▶ EXERCISE DESCRIPTION
From the entries below, please gather each line containing the string "series".

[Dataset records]
- Opening Delimiter -

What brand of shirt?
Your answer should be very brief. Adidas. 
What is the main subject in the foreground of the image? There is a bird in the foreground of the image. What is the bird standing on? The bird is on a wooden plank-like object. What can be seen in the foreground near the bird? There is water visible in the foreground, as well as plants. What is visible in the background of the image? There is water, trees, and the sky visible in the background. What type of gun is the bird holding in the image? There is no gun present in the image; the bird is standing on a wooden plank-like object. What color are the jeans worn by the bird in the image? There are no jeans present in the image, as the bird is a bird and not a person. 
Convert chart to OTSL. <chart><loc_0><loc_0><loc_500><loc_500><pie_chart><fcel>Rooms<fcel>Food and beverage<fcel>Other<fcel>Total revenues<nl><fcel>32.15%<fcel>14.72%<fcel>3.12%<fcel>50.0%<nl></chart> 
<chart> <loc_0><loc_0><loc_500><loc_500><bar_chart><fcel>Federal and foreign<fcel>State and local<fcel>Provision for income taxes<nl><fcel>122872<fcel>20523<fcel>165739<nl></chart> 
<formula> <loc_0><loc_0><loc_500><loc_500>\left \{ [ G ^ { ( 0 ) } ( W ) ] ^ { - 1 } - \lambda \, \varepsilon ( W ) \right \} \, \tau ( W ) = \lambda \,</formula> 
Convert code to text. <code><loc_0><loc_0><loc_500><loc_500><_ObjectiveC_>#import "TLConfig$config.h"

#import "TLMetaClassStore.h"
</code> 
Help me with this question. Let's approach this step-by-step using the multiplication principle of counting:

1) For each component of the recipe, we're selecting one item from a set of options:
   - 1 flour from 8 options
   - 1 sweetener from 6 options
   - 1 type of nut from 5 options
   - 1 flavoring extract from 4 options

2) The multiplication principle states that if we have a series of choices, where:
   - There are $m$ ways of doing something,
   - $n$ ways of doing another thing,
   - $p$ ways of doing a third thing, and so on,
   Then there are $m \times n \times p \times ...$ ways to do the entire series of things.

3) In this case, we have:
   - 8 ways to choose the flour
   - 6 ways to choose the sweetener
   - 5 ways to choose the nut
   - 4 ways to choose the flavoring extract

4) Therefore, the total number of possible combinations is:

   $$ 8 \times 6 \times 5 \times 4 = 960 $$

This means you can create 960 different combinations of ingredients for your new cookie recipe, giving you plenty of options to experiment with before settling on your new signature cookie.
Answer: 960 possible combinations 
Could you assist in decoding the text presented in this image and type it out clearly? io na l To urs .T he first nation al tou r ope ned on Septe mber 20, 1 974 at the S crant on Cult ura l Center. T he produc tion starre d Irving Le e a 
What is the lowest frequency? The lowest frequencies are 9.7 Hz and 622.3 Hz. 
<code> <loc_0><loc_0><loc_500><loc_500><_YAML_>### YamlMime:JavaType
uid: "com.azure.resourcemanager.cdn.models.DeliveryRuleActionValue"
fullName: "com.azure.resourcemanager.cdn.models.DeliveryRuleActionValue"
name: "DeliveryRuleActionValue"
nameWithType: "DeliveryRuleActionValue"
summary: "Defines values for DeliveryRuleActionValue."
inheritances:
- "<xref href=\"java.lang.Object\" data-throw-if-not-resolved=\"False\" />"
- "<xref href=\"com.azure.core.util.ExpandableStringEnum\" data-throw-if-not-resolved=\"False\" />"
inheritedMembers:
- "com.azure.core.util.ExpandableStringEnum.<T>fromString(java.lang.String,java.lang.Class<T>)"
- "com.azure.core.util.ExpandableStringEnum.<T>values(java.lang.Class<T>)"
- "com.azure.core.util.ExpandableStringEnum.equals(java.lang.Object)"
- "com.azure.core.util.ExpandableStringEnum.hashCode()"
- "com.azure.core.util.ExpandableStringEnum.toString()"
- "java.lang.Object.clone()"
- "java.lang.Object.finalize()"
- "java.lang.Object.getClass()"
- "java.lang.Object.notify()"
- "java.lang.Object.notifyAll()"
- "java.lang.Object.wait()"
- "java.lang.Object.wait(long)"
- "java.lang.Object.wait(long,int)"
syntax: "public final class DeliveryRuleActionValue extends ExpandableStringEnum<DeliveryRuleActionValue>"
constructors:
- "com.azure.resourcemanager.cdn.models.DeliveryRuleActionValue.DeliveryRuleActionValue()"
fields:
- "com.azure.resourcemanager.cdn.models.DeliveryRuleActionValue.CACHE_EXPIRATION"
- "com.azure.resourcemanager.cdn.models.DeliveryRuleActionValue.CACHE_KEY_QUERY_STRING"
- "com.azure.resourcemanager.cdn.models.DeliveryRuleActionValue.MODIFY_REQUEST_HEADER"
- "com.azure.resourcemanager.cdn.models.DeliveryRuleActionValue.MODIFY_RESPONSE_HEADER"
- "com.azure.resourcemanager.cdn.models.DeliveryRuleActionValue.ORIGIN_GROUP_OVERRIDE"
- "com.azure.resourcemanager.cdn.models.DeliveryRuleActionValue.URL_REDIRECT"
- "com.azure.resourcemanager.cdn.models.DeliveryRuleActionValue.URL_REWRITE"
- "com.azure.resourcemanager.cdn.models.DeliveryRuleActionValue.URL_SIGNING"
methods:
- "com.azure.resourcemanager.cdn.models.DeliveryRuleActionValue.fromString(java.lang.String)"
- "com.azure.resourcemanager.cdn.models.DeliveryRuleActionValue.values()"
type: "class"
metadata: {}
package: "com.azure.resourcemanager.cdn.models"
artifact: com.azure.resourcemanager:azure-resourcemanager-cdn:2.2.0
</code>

- Closing Delimiter -

▶ SOLUTION BELOW
2) The multiplication principle states that if we have a series of choices, where:
   Then there are $m \times n \times p \times ...$ ways to do the entire series of things.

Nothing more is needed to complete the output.